ARPA dollars to expand TCAPS mental health services, including school-based clinic | Local news

TRAVERSE CITY: Funds from the American Rescue Plan Act allocated by Grand Traverse County will help Northern Michigan’s largest school district expand its mental health offerings and make medical services more accessible to students.

In 2021, the Grand Traverse County Commission received $18.2 million in funds from the federal government’s American Rescue Plan. At its last meeting in 2022, the county commission decided to allocate $10 million of those funds to 27 different community proposals, including two that will affect TCAPS students, staff and parents.

Traverse City Area Public Schools was guaranteed $10,000 in ARPA funding for its high school Peer-to-Peer program and $150,000, in conjunction with Northwest Michigan Health Services, to open a children’s health center and teens at Traverse City West Middle School.

TCAPS Peer Programming is based on the Peer Depression Awareness Program developed by the University of Michigan Depression Center. The show is built on the premise that teens are more likely to talk and listen to other teens than adults when it comes to their mental health issues.
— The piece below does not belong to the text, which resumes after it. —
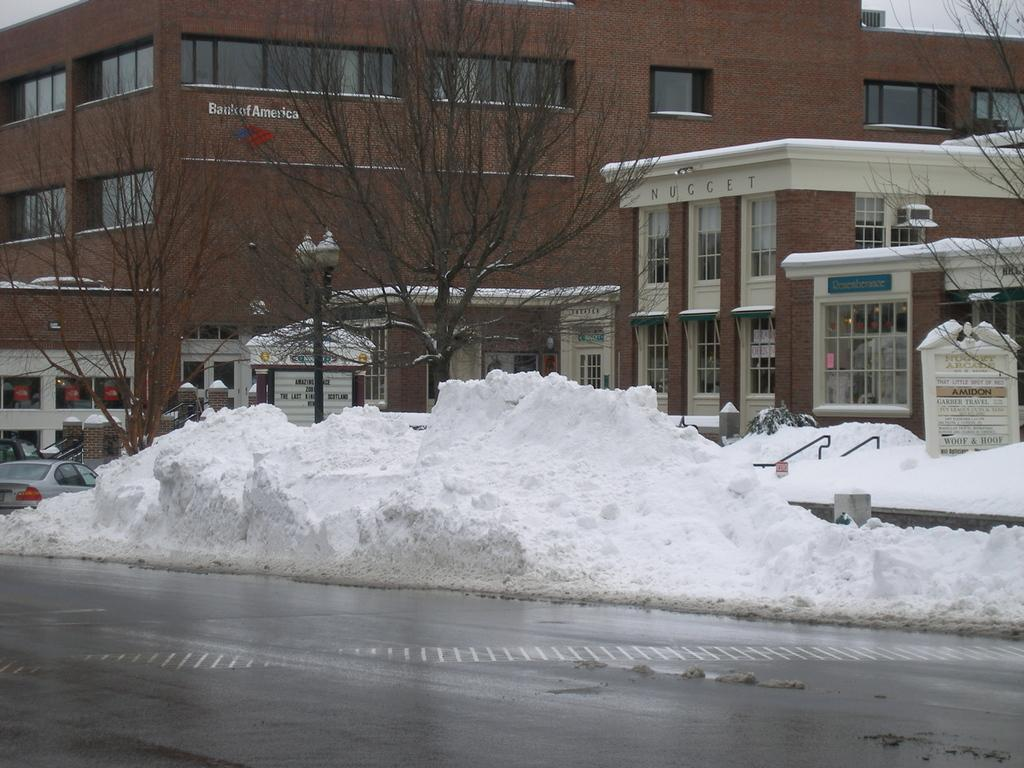What is the main feature of the image? There is a road in the image. What is the weather condition in the image? There is snow visible in the image. What can be seen in the background of the image? There are trees, a vehicle, and a building in the background of the image. How many chickens are crossing the road in the image? There are no chickens present in the image. What type of science experiment is being conducted in the image? There is no science experiment visible in the image.

Individuals from the UM Depression Center arrived in Traverse City in early September and conducted trainings for staff and students at Traverse City West High School and Traverse City Central High School. These trainings are intended to educate students about mental health conditions and concerns so they can identify conditions such as depression or anxiety in their peers, communicate with them, and encourage them to seek help.

TCAPS received a $45,000 grant from Rotary Charities of Traverse City to help cover the cost of implementing the Peer-to-Peer program at WSHS and CHS. The total cost of the program is estimated at $67,000, TCAPS Director of Communications Ginger Smith said in an email.

Peer programming is already in full swing, but the students involved asked for a better space where, under staff supervision, students can gather together or sit alone to relax and feel more comfortable during the school day if they feel overwhelmed.

TCAPS requested $22,000 in ARPA funds to perform minor renovations at each school to build and furnish these classrooms. They received a $10,000 reward from the county, but also received $2,000 for equipment and supplies for the program through the Traverse City Rotary Good Works grant.

This first year, the Peer-to-Peer program is in a pilot phase and TCAPS will decide whether or not to expand beyond the high school level, Smith said in an interview.

“We are doing everything we can to remove the stigmas associated with mental health and behavioral health issues,” Smith said. “This is just another step…to open up the conversation and make it a norm, to get you to say, ‘Hey, I’m not okay with my feelings, and here’s why.’”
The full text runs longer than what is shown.